Idaho Democrats and media folks will be making much this week of Cecil Andrus, the recently deceased former governor of Idaho. And, honestly, there is much about Andrus’ career which is very noteworthy. There is no doubt, for instance, that he is one of the state’s most effective politicians. With his time as Interior Secretary (under Jimmy Carter), Andrus became one of Idaho’s most prominent national exports, ranking with the likes of William Borah and Frank Church as a player on a national stage.

He worked hard to move Idaho in a leftward trajectory during his second stint as governor, and Democrats are, as one would expect, lauding his work at improving education funding and expanding public lands.

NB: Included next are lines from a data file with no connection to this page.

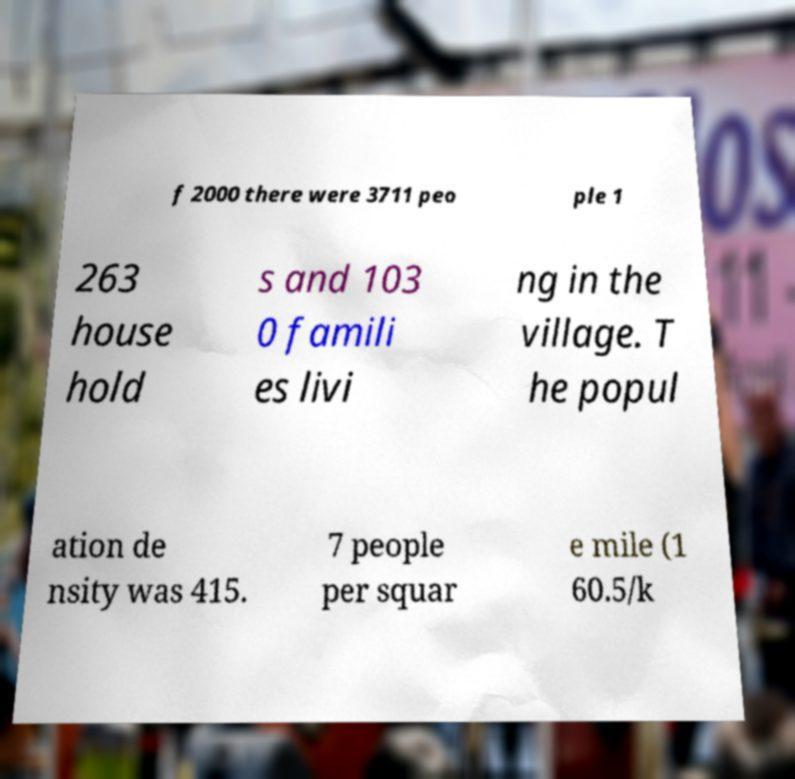I need the written content from this picture converted into text. Can you do that? f 2000 there were 3711 peo ple 1 263 house hold s and 103 0 famili es livi ng in the village. T he popul ation de nsity was 415. 7 people per squar e mile (1 60.5/k 
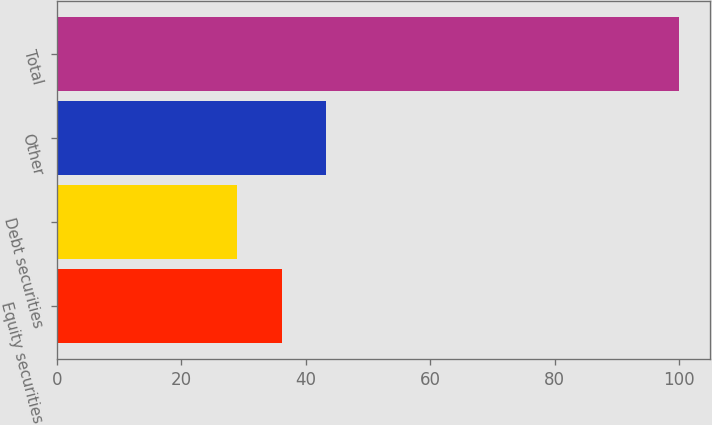Convert chart. <chart><loc_0><loc_0><loc_500><loc_500><bar_chart><fcel>Equity securities<fcel>Debt securities<fcel>Other<fcel>Total<nl><fcel>36.1<fcel>29<fcel>43.2<fcel>100<nl></chart> 
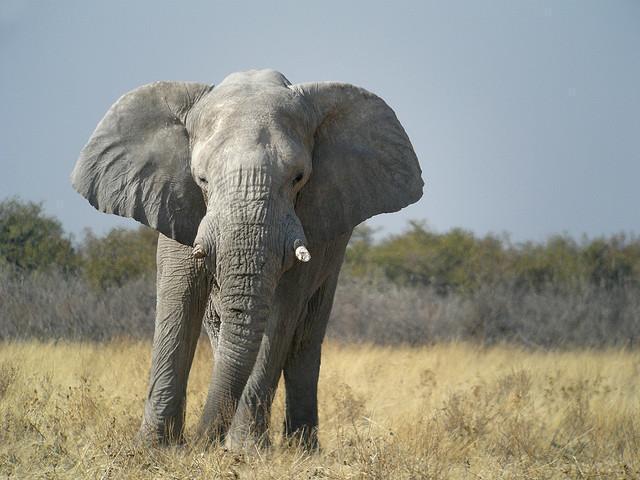How many watches is this man wearing?
Give a very brief answer. 0. 
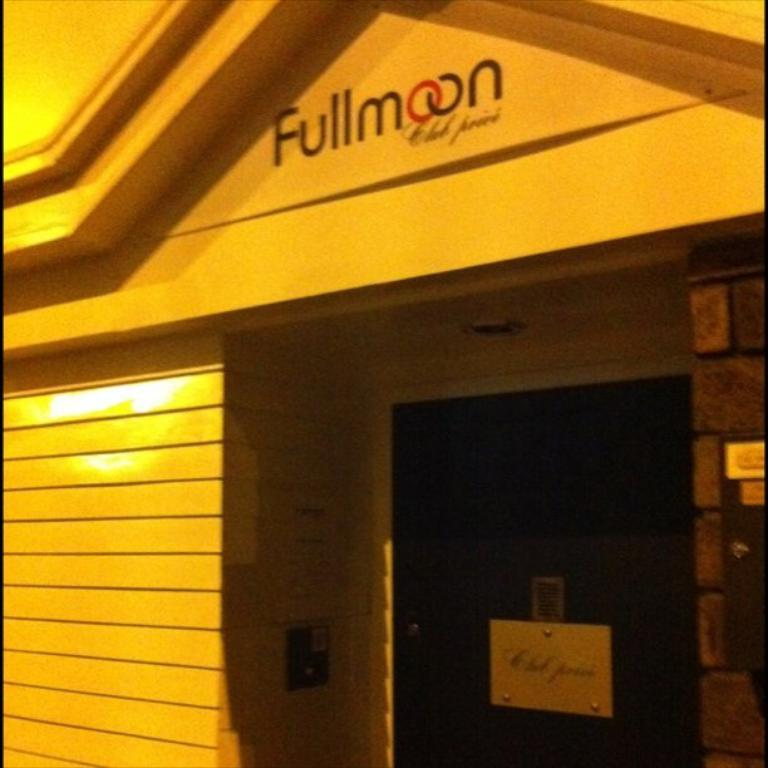What type of structure is present in the image? There is a building in the image. What can be seen on the building? The building has text on it. What is located near the door of the building? There is a board near the door. What can be found on the wall inside the building? There are objects on the wall. What type of lighting is present in the building? There is a light on the ceiling. What type of vegetable is being cooked on the stove in the image? There is no stove or vegetable present in the image.

We note, however, that the many obituaries and tributes proffered to date fail to mention his most significant historical moment: As the entire nation watched, Cecil Andrus vetoed HB 625 following the 1990 Session of the Idaho Legislature. This bill would have severely restricted the practice of abortion in Idaho. As a pro-abortion Democrat consultant in those days, I was among those urging his veto of the bill. And I was present in his office at the moment he stamped his veto on the bill; much to my shame, I joined with those cheering his action.

Prior to that moment, Andrus had always campaigned as “pro-Life” and something of a moderate. And in that, he was not alone. Most Idaho Democrats holding elective office in the immediate post-Roe era identified as “pro-Life”.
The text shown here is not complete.